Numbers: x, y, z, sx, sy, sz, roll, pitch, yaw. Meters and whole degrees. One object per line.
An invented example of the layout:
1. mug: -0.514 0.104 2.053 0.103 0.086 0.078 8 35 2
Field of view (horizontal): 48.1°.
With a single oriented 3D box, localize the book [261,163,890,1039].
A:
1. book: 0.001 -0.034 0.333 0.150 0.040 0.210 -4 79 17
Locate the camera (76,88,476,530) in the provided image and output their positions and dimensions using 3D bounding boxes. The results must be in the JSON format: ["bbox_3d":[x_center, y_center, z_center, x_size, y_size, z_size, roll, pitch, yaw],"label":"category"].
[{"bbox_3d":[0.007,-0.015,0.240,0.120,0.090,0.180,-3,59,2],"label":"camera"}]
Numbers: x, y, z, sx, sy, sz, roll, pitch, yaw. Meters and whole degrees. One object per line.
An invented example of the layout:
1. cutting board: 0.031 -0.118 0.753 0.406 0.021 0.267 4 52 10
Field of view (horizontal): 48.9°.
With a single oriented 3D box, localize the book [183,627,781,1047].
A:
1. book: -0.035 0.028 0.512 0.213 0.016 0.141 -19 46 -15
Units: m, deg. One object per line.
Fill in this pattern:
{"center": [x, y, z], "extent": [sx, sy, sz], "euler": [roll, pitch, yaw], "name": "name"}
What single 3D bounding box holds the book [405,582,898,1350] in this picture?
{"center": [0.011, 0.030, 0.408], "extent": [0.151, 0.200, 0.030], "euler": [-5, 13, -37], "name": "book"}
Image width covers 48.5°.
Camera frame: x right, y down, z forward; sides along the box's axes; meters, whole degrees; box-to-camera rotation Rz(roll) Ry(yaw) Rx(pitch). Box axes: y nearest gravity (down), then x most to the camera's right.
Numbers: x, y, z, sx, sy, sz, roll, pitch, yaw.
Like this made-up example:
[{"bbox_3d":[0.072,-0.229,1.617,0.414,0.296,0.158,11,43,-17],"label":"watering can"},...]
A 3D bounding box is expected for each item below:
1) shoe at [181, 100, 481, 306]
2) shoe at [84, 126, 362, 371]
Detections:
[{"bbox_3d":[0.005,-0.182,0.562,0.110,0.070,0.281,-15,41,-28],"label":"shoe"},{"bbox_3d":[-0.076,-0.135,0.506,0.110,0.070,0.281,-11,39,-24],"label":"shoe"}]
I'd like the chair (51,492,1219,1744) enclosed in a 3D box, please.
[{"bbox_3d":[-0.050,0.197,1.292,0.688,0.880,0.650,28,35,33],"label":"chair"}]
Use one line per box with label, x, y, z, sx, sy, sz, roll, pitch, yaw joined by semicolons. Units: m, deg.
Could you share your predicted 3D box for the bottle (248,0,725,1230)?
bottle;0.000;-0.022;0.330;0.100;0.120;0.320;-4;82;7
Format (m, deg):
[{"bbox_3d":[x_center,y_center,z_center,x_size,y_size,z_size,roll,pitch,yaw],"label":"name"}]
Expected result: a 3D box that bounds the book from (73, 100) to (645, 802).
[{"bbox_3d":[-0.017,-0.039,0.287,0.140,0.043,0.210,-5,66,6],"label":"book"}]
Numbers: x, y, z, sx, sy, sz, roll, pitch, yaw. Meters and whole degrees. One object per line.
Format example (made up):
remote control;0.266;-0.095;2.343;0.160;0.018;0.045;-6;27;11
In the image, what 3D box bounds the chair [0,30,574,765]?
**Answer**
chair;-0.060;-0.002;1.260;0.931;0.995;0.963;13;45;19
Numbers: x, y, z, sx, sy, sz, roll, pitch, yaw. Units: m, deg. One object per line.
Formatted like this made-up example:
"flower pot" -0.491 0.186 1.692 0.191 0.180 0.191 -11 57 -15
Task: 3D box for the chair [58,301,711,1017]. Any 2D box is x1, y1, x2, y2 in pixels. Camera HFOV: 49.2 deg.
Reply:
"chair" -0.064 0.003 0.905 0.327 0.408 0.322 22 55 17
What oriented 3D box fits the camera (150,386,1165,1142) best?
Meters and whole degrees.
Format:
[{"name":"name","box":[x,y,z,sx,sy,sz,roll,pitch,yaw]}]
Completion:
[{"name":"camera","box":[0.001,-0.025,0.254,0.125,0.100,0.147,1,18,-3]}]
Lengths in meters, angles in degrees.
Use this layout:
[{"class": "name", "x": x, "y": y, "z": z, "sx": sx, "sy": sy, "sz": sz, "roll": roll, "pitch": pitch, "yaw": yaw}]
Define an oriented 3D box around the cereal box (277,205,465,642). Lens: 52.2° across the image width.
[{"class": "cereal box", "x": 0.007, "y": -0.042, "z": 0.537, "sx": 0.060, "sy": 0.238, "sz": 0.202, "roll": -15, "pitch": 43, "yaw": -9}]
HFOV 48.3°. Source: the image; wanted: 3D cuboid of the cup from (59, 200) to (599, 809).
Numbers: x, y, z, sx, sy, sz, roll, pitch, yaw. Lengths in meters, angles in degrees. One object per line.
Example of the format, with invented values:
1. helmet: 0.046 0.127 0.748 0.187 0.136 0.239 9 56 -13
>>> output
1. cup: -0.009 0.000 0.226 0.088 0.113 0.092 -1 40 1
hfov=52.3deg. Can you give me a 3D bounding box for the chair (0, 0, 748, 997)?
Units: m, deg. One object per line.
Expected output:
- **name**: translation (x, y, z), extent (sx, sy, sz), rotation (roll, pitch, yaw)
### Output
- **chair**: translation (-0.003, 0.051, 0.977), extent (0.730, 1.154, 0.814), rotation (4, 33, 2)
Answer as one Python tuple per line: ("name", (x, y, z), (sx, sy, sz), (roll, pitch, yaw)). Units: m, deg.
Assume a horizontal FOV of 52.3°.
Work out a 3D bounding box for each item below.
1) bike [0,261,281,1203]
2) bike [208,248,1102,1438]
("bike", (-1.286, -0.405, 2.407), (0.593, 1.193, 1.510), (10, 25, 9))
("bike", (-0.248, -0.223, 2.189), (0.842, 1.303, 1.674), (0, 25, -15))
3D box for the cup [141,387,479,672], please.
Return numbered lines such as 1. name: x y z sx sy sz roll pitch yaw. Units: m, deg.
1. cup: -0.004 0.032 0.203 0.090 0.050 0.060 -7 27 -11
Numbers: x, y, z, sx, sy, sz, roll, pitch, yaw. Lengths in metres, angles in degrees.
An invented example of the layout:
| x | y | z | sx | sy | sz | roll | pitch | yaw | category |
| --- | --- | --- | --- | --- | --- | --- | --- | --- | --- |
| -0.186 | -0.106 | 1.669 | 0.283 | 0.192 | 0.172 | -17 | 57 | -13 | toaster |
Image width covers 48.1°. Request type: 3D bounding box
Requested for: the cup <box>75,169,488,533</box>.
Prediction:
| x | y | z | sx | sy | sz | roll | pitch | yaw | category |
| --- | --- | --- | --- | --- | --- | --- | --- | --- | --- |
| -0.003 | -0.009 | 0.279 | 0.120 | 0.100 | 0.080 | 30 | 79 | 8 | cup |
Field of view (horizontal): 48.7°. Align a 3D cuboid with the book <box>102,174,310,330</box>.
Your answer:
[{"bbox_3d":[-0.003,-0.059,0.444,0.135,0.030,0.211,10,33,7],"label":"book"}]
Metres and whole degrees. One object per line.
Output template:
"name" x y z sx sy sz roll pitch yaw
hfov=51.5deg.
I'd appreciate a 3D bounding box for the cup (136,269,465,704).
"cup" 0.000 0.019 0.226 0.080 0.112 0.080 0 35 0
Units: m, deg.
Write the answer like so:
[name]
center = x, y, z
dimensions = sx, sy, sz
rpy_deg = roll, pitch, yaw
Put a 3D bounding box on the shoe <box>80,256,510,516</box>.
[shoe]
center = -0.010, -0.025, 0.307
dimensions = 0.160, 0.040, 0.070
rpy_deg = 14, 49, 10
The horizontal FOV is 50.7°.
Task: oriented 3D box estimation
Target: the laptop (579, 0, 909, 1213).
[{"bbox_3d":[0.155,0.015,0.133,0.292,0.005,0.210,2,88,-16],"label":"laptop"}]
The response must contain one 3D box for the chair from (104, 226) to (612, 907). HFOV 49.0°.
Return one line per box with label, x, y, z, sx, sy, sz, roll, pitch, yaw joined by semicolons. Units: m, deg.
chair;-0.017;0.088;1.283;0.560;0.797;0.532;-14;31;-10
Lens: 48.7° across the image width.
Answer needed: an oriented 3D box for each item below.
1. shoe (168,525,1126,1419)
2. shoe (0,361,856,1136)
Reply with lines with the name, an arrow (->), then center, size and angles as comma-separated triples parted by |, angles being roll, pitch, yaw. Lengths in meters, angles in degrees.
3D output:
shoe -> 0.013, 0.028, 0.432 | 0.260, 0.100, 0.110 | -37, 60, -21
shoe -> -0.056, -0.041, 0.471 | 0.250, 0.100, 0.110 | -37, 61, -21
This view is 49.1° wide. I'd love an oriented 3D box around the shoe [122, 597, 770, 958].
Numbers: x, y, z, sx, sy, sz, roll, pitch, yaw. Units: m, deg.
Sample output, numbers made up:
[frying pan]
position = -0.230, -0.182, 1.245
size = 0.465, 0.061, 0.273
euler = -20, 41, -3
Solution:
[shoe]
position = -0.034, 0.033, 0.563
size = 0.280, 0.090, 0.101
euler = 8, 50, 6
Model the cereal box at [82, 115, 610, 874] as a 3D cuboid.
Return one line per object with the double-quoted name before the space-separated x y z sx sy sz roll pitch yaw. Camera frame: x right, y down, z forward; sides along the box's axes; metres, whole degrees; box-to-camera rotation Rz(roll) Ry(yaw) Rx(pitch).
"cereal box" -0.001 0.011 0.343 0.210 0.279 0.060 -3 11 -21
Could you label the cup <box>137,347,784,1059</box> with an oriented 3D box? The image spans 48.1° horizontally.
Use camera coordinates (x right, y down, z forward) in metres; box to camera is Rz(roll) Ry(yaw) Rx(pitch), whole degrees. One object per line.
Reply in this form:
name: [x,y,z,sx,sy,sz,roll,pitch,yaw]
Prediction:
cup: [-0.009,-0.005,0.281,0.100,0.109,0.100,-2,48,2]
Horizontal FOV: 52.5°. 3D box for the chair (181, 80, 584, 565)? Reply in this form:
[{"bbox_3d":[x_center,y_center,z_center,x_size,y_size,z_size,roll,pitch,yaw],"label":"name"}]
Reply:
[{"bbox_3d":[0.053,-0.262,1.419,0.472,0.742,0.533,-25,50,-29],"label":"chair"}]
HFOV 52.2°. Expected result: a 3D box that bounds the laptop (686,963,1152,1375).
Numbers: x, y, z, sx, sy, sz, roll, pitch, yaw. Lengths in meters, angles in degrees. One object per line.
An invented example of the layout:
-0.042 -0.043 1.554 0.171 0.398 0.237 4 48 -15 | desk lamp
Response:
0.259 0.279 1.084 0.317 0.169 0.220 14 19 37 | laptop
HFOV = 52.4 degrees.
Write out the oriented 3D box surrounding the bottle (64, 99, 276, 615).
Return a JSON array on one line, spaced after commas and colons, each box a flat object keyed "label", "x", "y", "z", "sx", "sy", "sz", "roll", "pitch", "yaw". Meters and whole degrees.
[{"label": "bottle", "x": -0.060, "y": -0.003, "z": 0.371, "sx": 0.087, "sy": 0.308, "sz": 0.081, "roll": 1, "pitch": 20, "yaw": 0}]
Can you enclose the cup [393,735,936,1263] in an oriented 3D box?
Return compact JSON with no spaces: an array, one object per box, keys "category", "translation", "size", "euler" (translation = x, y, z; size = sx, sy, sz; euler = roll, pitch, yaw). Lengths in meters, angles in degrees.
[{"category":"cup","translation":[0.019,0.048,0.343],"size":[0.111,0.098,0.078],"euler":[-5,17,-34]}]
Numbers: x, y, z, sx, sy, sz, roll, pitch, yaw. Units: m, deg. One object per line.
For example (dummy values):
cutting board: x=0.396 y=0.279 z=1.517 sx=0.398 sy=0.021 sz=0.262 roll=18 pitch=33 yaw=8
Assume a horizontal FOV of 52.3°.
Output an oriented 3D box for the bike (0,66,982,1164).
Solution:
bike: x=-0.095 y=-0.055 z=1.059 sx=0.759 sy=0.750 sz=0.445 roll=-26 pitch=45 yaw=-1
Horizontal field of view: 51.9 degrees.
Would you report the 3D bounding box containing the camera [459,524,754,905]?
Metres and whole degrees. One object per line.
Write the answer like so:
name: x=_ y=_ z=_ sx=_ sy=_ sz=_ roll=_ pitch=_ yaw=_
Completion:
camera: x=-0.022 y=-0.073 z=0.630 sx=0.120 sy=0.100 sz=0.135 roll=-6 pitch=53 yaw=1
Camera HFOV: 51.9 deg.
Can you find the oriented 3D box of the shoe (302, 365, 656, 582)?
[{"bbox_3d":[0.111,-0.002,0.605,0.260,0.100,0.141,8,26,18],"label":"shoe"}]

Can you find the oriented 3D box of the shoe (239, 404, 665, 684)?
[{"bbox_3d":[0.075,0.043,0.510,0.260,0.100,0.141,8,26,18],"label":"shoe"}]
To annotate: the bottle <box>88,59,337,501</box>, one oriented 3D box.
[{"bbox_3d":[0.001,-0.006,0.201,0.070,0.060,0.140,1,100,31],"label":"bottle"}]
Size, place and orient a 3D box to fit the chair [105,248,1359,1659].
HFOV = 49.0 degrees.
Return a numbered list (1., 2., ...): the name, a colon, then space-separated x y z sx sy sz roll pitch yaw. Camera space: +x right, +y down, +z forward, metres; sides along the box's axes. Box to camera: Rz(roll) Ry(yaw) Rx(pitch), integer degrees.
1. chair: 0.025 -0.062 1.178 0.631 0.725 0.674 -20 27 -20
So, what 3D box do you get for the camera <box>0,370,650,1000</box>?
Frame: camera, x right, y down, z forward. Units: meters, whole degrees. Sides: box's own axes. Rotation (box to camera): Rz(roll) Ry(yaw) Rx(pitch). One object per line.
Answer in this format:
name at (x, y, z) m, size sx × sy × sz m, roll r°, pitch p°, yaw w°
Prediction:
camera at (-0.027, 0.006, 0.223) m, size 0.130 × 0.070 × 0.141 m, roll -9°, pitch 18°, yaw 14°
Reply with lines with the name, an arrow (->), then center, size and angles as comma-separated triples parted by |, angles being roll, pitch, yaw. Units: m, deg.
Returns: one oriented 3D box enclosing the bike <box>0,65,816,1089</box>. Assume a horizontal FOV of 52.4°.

----------

* _Description of the task_
When you reach the line with "Target: the laptop (579, 0, 909, 1213)." in the records above, start writing out lines exactly, and stop once the line with "This view is" has been written; include nothing else.

* _Reply_
Target: the laptop (579, 0, 909, 1213).
[{"bbox_3d":[0.155,0.015,0.133,0.292,0.005,0.210,2,88,-16],"label":"laptop"}]
The response must contain one 3D box for the chair from (104, 226) to (612, 907). HFOV 49.0°.
Return one line per box with label, x, y, z, sx, sy, sz, roll, pitch, yaw joined by semicolons. Units: m, deg.
chair;-0.017;0.088;1.283;0.560;0.797;0.532;-14;31;-10
Lens: 48.7° across the image width.
Answer needed: an oriented 3D box for each item below.
1. shoe (168,525,1126,1419)
2. shoe (0,361,856,1136)
Reply with lines with the name, an arrow (->), then center, size and angles as comma-separated triples parted by |, angles being roll, pitch, yaw. Lengths in meters, angles in degrees.
3D output:
shoe -> 0.013, 0.028, 0.432 | 0.260, 0.100, 0.110 | -37, 60, -21
shoe -> -0.056, -0.041, 0.471 | 0.250, 0.100, 0.110 | -37, 61, -21
This view is 49.1° wide. I'd love an oriented 3D box around the shoe [122, 597, 770, 958].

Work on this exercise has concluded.